Lenin reached this conclusion at the turn of the century, and it has since been confirmed on many occasions in both the victories and failures of the revolution. The anti-fascist and national liberation struggles of the past half-century confirm that when these struggles have lacked proletarian leadership, they have been co-opted by the bourgeoisie and imperialism.
People have fallen into a bad habit of separating the struggle against imperialism from the struggle against capitalism. Yet imperialism is a stage of capitalism, not another mode of production. Only socialism can put an end to the capitalist mode of production, including its imperialist stage. Leninism is clear and unambiguous on this point as well. Lenin did not hesitate to admit that the survival of capitalism was a temporary necessity in the early years of the history of the Soviet Union; nor did he hesitate to say that the Russian workers and peasants should first unite to carry out the democratic revolution – the bourgeois revolution against the Czar – and that the proletariat should subsequently continue the struggle to achieve the dictatorship of the proletariat.
In other words, Lenin called a spade a spade, a practice that avoids much of the confusion the revisionists have always so carefully cultivated.

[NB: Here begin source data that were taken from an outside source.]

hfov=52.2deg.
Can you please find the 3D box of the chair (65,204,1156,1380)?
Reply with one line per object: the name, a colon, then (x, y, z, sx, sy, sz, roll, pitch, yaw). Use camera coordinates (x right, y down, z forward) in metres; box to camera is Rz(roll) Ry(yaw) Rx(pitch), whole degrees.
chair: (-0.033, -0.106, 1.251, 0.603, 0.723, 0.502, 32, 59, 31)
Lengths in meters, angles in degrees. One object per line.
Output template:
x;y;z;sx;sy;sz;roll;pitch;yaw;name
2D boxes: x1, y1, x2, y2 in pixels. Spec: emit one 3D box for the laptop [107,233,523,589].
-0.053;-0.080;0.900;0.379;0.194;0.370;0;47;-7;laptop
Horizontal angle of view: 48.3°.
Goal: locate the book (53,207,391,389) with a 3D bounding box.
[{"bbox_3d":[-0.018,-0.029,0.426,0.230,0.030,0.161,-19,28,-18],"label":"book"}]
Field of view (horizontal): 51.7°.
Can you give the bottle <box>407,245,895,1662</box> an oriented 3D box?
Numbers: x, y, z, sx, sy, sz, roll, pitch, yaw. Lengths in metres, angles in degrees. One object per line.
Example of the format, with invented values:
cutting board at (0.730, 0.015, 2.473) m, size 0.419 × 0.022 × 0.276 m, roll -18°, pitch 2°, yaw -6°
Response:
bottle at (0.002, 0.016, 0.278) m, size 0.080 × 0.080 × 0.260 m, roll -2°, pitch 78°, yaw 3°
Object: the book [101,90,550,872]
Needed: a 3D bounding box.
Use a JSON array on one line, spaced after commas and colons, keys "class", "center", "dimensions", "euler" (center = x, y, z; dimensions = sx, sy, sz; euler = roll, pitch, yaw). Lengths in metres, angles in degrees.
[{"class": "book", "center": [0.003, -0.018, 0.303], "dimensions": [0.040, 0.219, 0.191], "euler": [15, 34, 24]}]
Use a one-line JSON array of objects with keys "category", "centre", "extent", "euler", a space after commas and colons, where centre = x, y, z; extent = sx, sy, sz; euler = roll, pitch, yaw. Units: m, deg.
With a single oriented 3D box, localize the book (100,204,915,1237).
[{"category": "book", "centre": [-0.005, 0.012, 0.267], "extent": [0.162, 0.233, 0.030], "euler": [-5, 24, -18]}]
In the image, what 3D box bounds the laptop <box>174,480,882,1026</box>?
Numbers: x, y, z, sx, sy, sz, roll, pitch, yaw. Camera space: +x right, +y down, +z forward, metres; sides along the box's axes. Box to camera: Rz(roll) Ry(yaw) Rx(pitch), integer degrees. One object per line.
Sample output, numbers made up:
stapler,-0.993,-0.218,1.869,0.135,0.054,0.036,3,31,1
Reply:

What, indeed, are the revisionists preaching these days? In the imperialist countries, they talk about nationalizing the monopolies, beginning with the foreign ones; defending national sovereignty against domination by stronger powers; and preparing the people to defend the homeland in the event of war. These are all policies that, far from weakening the power of the bourgeoisie, of Capital, tend instead to consolidate it. The difference would seem to be that it is consolidated to the advantage of the local bourgeoisie, at the expense of foreign bourgeoisies. These are policies that have nothing to do with a revolutionary political line.
In underdeveloped countries, the revisionists side with the local capitalists and support the latter’s resistance to the domination of foreign imperialism. This line is not any more revolutionary than the first. Dozens of examples in the past twenty years have shown that, as soon as the local capitalists acquire what seems to be a little power, their first concern is to obtain capital from one or another imperialist bourgeoisie. To do so, they are ready to disarm the people, deprive them of all political liberties and even, in many cases, establish a literally fascist regime.
Given the balance of power between countries in today’s world, one has to be naive indeed to believe that a small, unindustrialized country can hope to free itself from imperialist domination and develop as a capitalist country unless it establishes ties with imperialist powers, thereby inevitably falling back under their control. There are, nevertheless, some people who are, or who pretend to be, this naive. They would like us to believe that capitalism can develop in an underdeveloped country in 1979 in the same way it did in the European countries in the 18th and 19th centuries. They would like us to believe that today, in 1979, there are capitalists who want to “re-invent the spinning wheel” and re-live each stage of the development of competitive capitalism in an attempt to avoid the domination of foreign monopolies. The idea is absurd. Profits are always and everywhere the vital condition for the continued existence of Capital; and those who possess capital have only one concern: to invest and use it profitably. The laws of capital hold true for all capitalists, in all countries.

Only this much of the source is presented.